Rightmove will invest an incremental £18mn in technology and AI next year to enhance both the interface (front end) and the underlying infrastructure (back end) of its app, as well as to bring more of the homebuying process online. Two-thirds of this investment will go through the P&L, with the remainder capitalised.
As a result of the additional expense, Rightmove’s 2026 guidance is below consensus expectations and implies a 4-6 per cent downgrade to consensus operating profit. The company’s medium-term ambition (a softer term than target) is for annual EPS growth of 5-12 per cent, a broad range well below market expectations of 15 per cent.
“We are investing to accelerate our capabilities, which we are confident will create an even stronger platform and higher growth business
The average UK house price rose 0.6 per cent during October, according to Halifax, in what is the largest monthly increase since January. The average house price of £299,682, 1.9 per cent higher than in October 2024.

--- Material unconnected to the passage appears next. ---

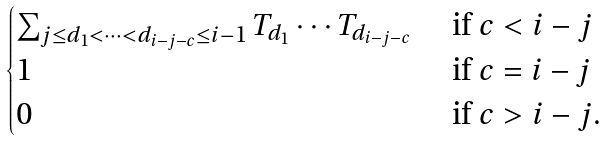<formula> <loc_0><loc_0><loc_500><loc_500>\begin{cases} \sum _ { j \leq d _ { 1 } < \cdots < d _ { i - j - c } \leq i - 1 } T _ { d _ { 1 } } \cdots T _ { d _ { i - j - c } } & \text { if } c < i - j \\ 1 & \text { if } c = i - j \\ 0 & \text { if } c > i - j . \end{cases}</formula>

“Demand from buyers has held up well coming into autumn, despite a degree of uncertainty in the market,” said Amandan Bryden, head of mortgages at Halifax. “The market has proven resilient over recent months, as many buyers opt for smaller deposits and longer terms to help make the numbers work.”
Bryden also expects affordability, a key constraint in the market at the moment, to continue to improve as wage growth outstrips house price growth. HM
The UK Competition and Markets Authority (CMA) announced this morning that it plans to accept proposals put forward by Greencore (GNC), to address competition concerns flagged in stage one of the regulator’s consumer fairness probe.

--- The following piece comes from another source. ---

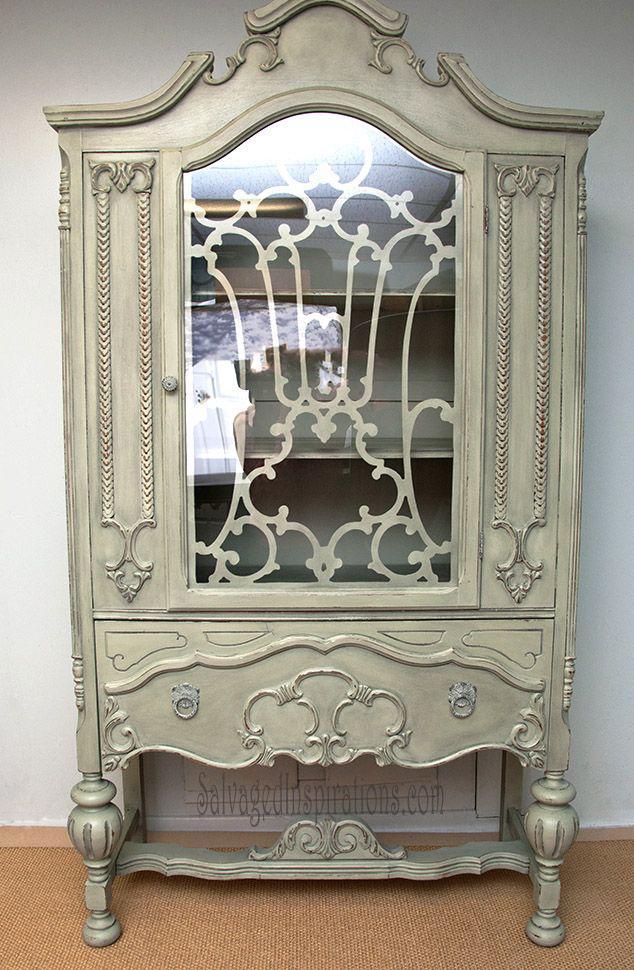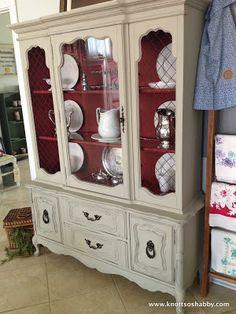The first image is the image on the left, the second image is the image on the right. Examine the images to the left and right. Is the description "A wooden hutch with three rows of dishes in its upper section has at least two drawers with pulls between doors in the bottom section." accurate? Answer yes or no. Yes. The first image is the image on the left, the second image is the image on the right. Given the left and right images, does the statement "At least one of the cabinets has an arched top as well as some type of legs." hold true? Answer yes or no. Yes.

The food manufacturer’s proposed acquisition of rival Bakkavor (BAKK) hit a speed bump last week when the CMA investigation found that a tie-up could lead to higher prices for consumers and lower product quality in the supply of own-label chilled sauces.
The takeover, first announced in May, would create a supergroup supplier for many of the UK’s largest supermarkets. In response, Greencore has offered to sell its only chilled sauce manufacturing plant in Bristol.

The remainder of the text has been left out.